**Directions for this task**: Quote the records below in full, exactly as given, with the images taken out.
-------- Input material
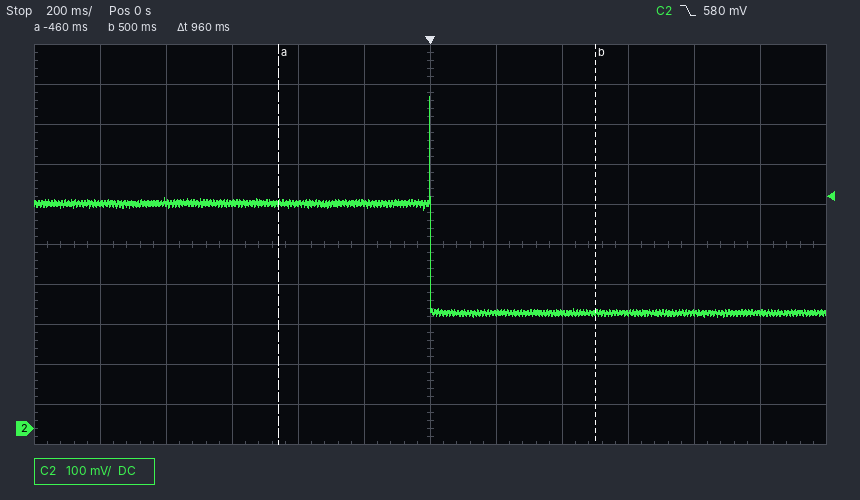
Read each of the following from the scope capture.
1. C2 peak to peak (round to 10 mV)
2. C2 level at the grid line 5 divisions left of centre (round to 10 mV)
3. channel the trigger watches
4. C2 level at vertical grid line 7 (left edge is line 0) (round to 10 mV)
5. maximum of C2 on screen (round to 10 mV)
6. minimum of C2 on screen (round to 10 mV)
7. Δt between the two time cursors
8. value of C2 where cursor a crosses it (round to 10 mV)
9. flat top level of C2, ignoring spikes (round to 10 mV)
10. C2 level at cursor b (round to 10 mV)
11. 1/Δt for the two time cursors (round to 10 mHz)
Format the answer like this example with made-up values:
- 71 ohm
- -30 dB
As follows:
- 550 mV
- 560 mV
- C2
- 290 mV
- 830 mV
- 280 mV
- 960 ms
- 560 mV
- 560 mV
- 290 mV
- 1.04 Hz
----------------
**Answer below**:
Read each of the following from the scope capture.
1. C2 peak to peak (round to 10 mV)
2. C2 level at the grid line 5 divisions left of centre (round to 10 mV)
3. channel the trigger watches
4. C2 level at vertical grid line 7 (left edge is line 0) (round to 10 mV)
5. maximum of C2 on screen (round to 10 mV)
6. minimum of C2 on screen (round to 10 mV)
7. Δt between the two time cursors
8. value of C2 where cursor a crosses it (round to 10 mV)
9. flat top level of C2, ignoring spikes (round to 10 mV)
10. C2 level at cursor b (round to 10 mV)
11. 1/Δt for the two time cursors (round to 10 mHz)
Format the answer like this example with made-up values:
- 71 ohm
- -30 dB
As follows:
- 550 mV
- 560 mV
- C2
- 290 mV
- 830 mV
- 280 mV
- 960 ms
- 560 mV
- 560 mV
- 290 mV
- 1.04 Hz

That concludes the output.